> **Aim of the task**:
Return only that part of the material below which starts with the line containing "text Bruins [422, 1319, 1087, 1363]" and goes on through the line containing "subtitle Nr. 17", restated exactly.

*** Input records ***

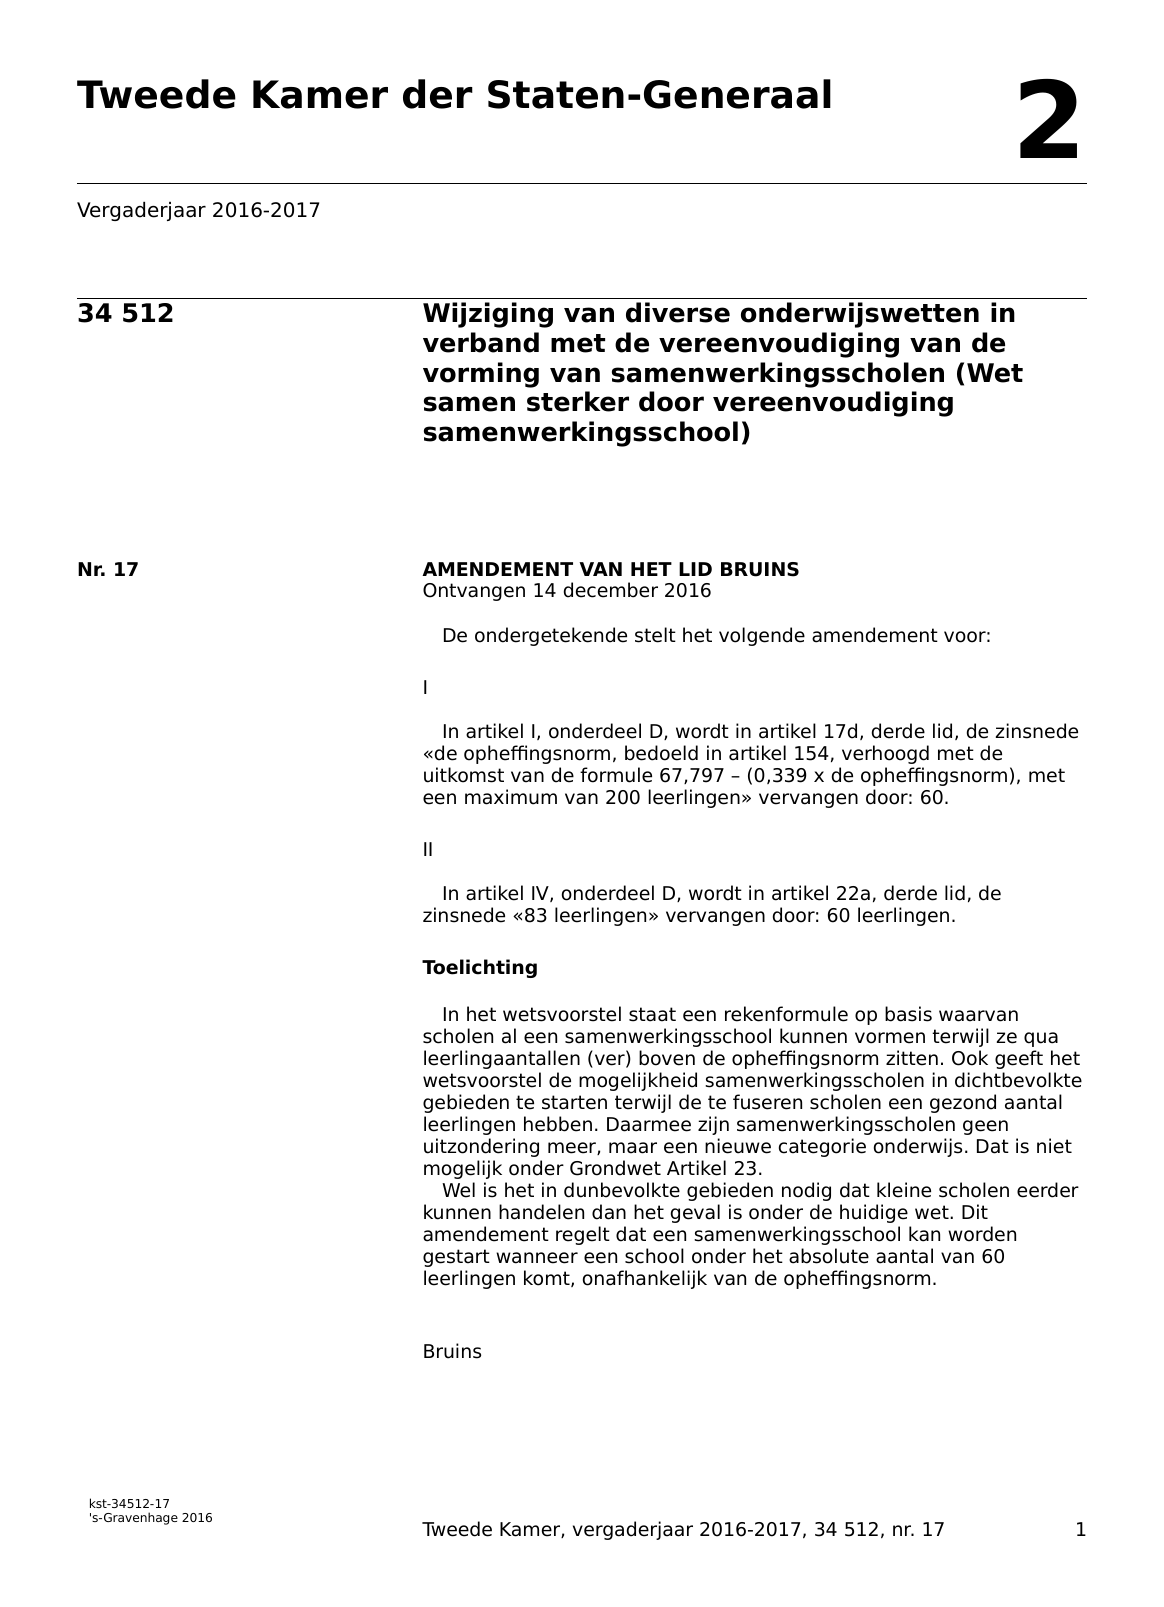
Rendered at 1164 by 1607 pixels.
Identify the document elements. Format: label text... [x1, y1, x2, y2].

subtitle II [422, 839, 1087, 861]
text In artikel I, onderdeel D, wordt in artikel 17d, derde lid, de zinsnede «de opheffingsnorm, bedoeld in artikel 154, verhoogd met de uitkomst van de formule 67,797 – (0,339 x de opheffingsnorm), met een maximum van 200 leerlingen» vervangen door: 60. [422, 721, 1087, 809]
text De ondergetekende stelt het volgende amendement voor: [422, 624, 1087, 647]
subtitle 34 512 Wijziging van diverse onderwijswetten in verband met de vereenvoudiging van de vorming van samenwerkingsscholen (Wet samen sterker door vereenvoudiging samenwerkingsschool) [77, 299, 1087, 447]
table_header Tweede Kamer der Staten-Generaal [77, 59, 886, 183]
text Bruins [422, 1319, 1087, 1363]
subtitle Nr. 17 AMENDEMENT VAN HET LID BRUINS [77, 558, 1087, 580]
text Wel is het in dunbevolkte gebieden nodig dat kleine scholen eerder kunnen handelen dan het geval is onder de huidige wet. Dit amendement regelt dat een samenwerkingsschool kan worden gestart wanneer een school onder het absolute aantal van 60 leerlingen komt, onafhankelijk van de opheffingsnorm. [422, 1179, 1087, 1289]
text Ontvangen 14 december 2016 [422, 580, 1087, 602]
subtitle I [422, 677, 1087, 698]
text kst-34512-17 [88, 1497, 323, 1511]
text In artikel IV, onderdeel D, wordt in artikel 22a, derde lid, de zinsnede «83 leerlingen» vervangen door: 60 leerlingen. [422, 883, 1087, 927]
subtitle Toelichting [422, 957, 1087, 979]
table_header 2 [886, 59, 1087, 183]
text 's-Gravenhage 2016 [88, 1511, 323, 1525]
text In het wetsvoorstel staat een rekenformule op basis waarvan scholen al een samenwerkingsschool kunnen vormen terwijl ze qua leerlingaantallen (ver) boven de opheffingsnorm zitten. Ook geeft het wetsvoorstel de mogelijkheid samenwerkingsscholen in dichtbevolkte gebieden te starten terwijl de te fuseren scholen een gezond aantal leerlingen hebben. Daarmee zijn samenwerkingsscholen geen uitzondering meer, maar een nieuwe categorie onderwijs. Dat is niet mogelijk onder Grondwet Artikel 23. [422, 1004, 1087, 1179]
table_cell Vergaderjaar 2016-2017 [77, 184, 1087, 298]

*** End of Input records ***

> **Exercise result**:
text Bruins [422, 1319, 1087, 1363]
subtitle Nr. 17 AMENDEMENT VAN HET LID BRUINS [77, 558, 1087, 580]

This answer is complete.